Unable to pivot data in SQL

I have an SQL query like
select name from customers where id in (1,2,3,4,5)
this will return me 5 rows.
What I am trying is
select Q1,Q2,Q3,Q4,Q5 from(select name from customers where id in (1,2,3,4,5)
)d pivot( max(name) for names in (Q1,Q2,Q3,Q4,Q5)
) piv;
to convert these 5 rows into 5 columns.
But I am getting null values in columns.
I don't know where am I doing wrong.
Any kind of help , suggestion would be appreciated.
Thanks
You can try in this way, you are pivoting the name and selecting the name under value also so please first make is sure if there is a value for that ids and retrieve the value for which you are trying pivoting:
create table #customers(id int, name varchar(50), fee int)

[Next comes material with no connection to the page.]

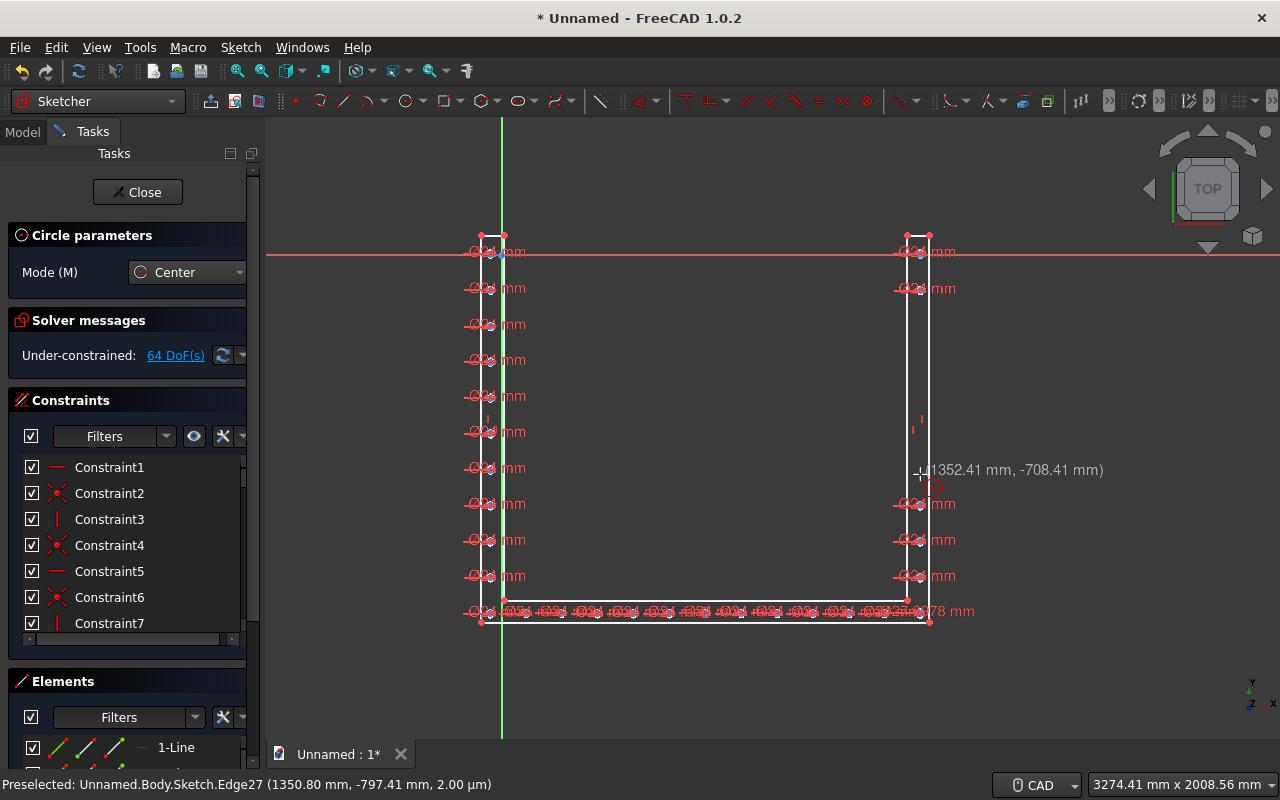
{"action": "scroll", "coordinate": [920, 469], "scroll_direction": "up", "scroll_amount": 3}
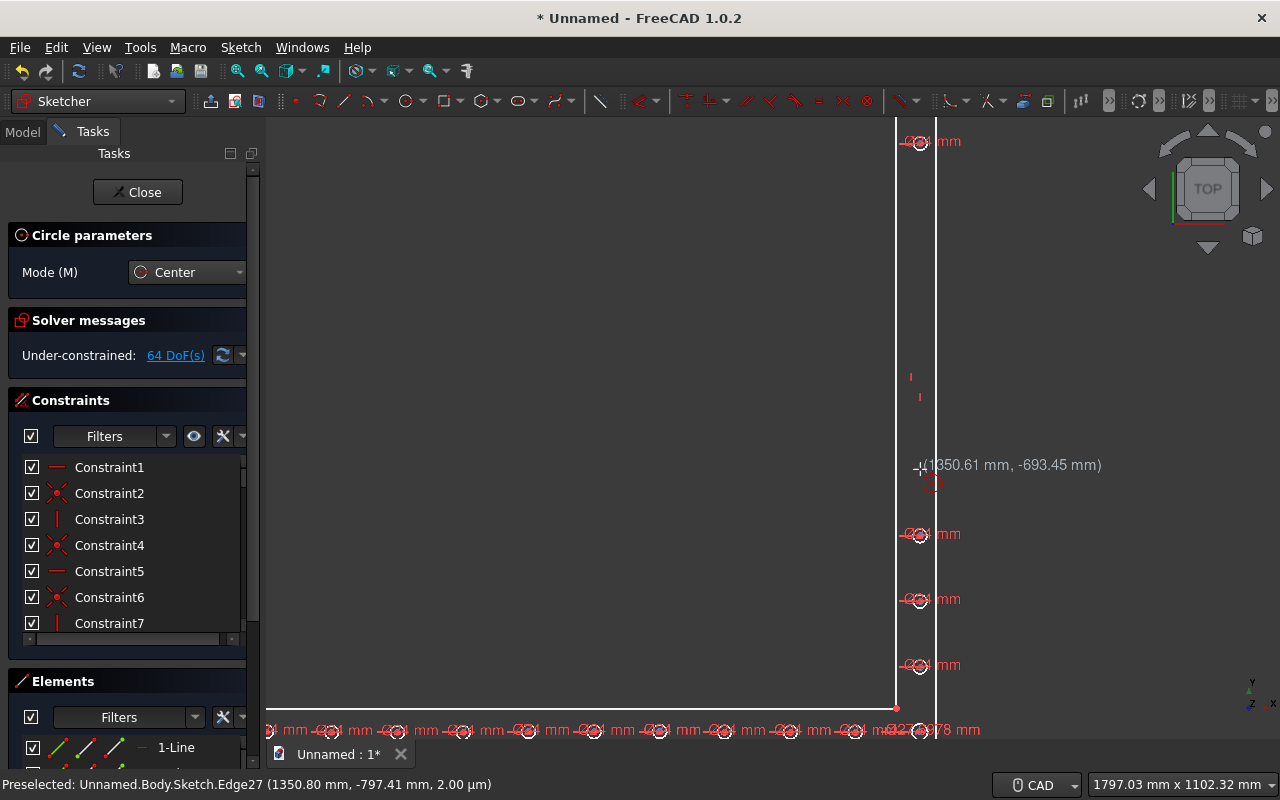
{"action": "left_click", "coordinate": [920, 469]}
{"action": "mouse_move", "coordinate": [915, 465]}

insert into #customers values
(1, 'Q1', 100),
(2, 'Q2', 200),
(3, 'Q3', 300),
(4, 'Q4', 400),
(5, 'Q5', 500),
(6, 'Q5', 600),
(7, 'Q5', 700)
select Q1,Q2,Q3,Q4,Q5
from(select name, fee from #customers where id in (1,2,3,4,5)
)d pivot(SUM(fee) for name in (Q1,Q2,Q3,Q4,Q5)
) piv;
OUTPUT:
Q1 Q2 Q3 Q4 Q5
100 200 300 400 500
What respective value you want to display under name, if you mention that then we can provide more exact solution for that. Hope you can change your code accordingly.

Querying SQL Server table with different values in same column with same ID [duplicate]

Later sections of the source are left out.